Lessons from shortcomings in machine learning for medical imaging

G. Varoquaux
Institut national de recherche en sciences et technologies du numérique (INRIA)
V. Cheplygina
IT University of Copenhagen

The application of machine learning (ML) to medical imaging has attracted a lot of attention in recent years. Yet, for various reasons, progress remains slow. This essay builds upon earlier work by the authors which explores how larger datasets and more deep-learning algorithms have not yet provided practical improvements in addressing clinical problems. It recommends how researchers and policy makers can improve the situation.

Many opportunities exist to improve patients’ health by applying ML to medical imaging. Through computer-aided diagnosis, for example, an algorithm is trained on existing images such as brain scans of people with and without dementia. It is later applied to unseen images to predict which group they likely belong to. There are now numerous reports of ML algorithms recognising medical images more accurately than human experts (for an overview see Liu et al., 2019).

Despite this potential, incentives in (ML) research are slowing progress in the field. For example, the impact on clinical practice has not been proportional to claims. Roberts et al. (2021) found that none of the 62 published studies on ML for COVID-19 had potential for clinical use. Studies for other clinical applications of ML have also failed to find reliable published prediction models. Two examples are for prognosis after aneurysmal subarachnoid haemorrhage (Jaja et al., 2013) and stroke (Thompson et al., 2014).

Table 1 describes key concepts, some of which might differ in their use depending on the community. The following sections summarise examples of lack of progress. The essay then provides recommendations for researchers and policy makers on how to move forward.

The increased popularity of ML in recent years is often explained by two developments. First, larger datasets are available. Second, deep-learning techniques permit development of algorithms without specialised domain knowledge, allowing more researchers into a field. However, the state of ML in medical imaging is not as positive as many believe for the three reasons noted below.

There is a tendency to expect that a clinical task can be “solved” if the dataset is large enough. After all, from prior research, large and diverse datasets help an algorithm generalise better to previously unseen data. There are several problems here. First, not all clinical tasks translate neatly into ML tasks. Second, creating larger and larger datasets often relies on automatic methods that may introduce errors and bias into the data (Oakden-Rayner, 2020). For example, a machine might label x-rays as showing the presence or non-presence of pneumonia based on words appearing in the associated radiology reports. In such a case, a phrase like “no history of pneumonia” might result in an x-ray wrongly labelled as showing the presence of pneumonia.

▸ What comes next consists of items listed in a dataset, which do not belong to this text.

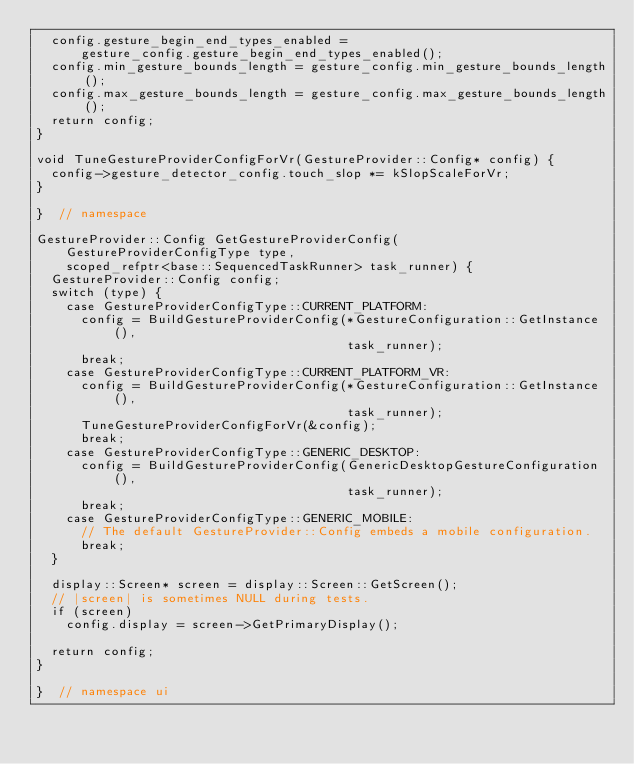Convert code to text. <code><loc_0><loc_0><loc_500><loc_500><_C++_>  config.gesture_begin_end_types_enabled =
      gesture_config.gesture_begin_end_types_enabled();
  config.min_gesture_bounds_length = gesture_config.min_gesture_bounds_length();
  config.max_gesture_bounds_length = gesture_config.max_gesture_bounds_length();
  return config;
}

void TuneGestureProviderConfigForVr(GestureProvider::Config* config) {
  config->gesture_detector_config.touch_slop *= kSlopScaleForVr;
}

}  // namespace

GestureProvider::Config GetGestureProviderConfig(
    GestureProviderConfigType type,
    scoped_refptr<base::SequencedTaskRunner> task_runner) {
  GestureProvider::Config config;
  switch (type) {
    case GestureProviderConfigType::CURRENT_PLATFORM:
      config = BuildGestureProviderConfig(*GestureConfiguration::GetInstance(),
                                          task_runner);
      break;
    case GestureProviderConfigType::CURRENT_PLATFORM_VR:
      config = BuildGestureProviderConfig(*GestureConfiguration::GetInstance(),
                                          task_runner);
      TuneGestureProviderConfigForVr(&config);
      break;
    case GestureProviderConfigType::GENERIC_DESKTOP:
      config = BuildGestureProviderConfig(GenericDesktopGestureConfiguration(),
                                          task_runner);
      break;
    case GestureProviderConfigType::GENERIC_MOBILE:
      // The default GestureProvider::Config embeds a mobile configuration.
      break;
  }

  display::Screen* screen = display::Screen::GetScreen();
  // |screen| is sometimes NULL during tests.
  if (screen)
    config.display = screen->GetPrimaryDisplay();

  return config;
}

}  // namespace ui
</code>

Finally, while large datasets improve algorithm training and generalisation, they also allow for better evaluation of algorithms. This is because more data are available for creating an estimate of performance on previously unseen future data. Analysis of predictions of Alzheimer’s disease across six surveys and more than 500 publications in Figure 1 shows that studies with larger sample sizes tend to report worse prediction accuracy. This is worrying since these studies are closer to real-life settings.

A lot of research within medical imaging focuses on algorithm development, but the practical benefits of the reported accuracy gains are not always clear. For this essay, the authors studied eight medical imaging competitions on Kaggle, a platform where algorithm developers can compete to solve classification tasks, and where winning can involve significant incentives. Indeed, the most famous competition on lung cancer prediction had a prize of USD 1 million. The analysis compared two quantities: 1) the gap between the performance of the top algorithms; and 2) the expected variability in performance if a different subset of the data was used for evaluation. In other words, it tried to quantify the meaning of the final ranking. Would ranking of the winners alter if other images were used from the same or a different subset of the data? In most cases, the performance of the top algorithms is within the expected variability, and algorithms are thus not practically better or worse than one another (Varoquaux and Cheplygina, 2022).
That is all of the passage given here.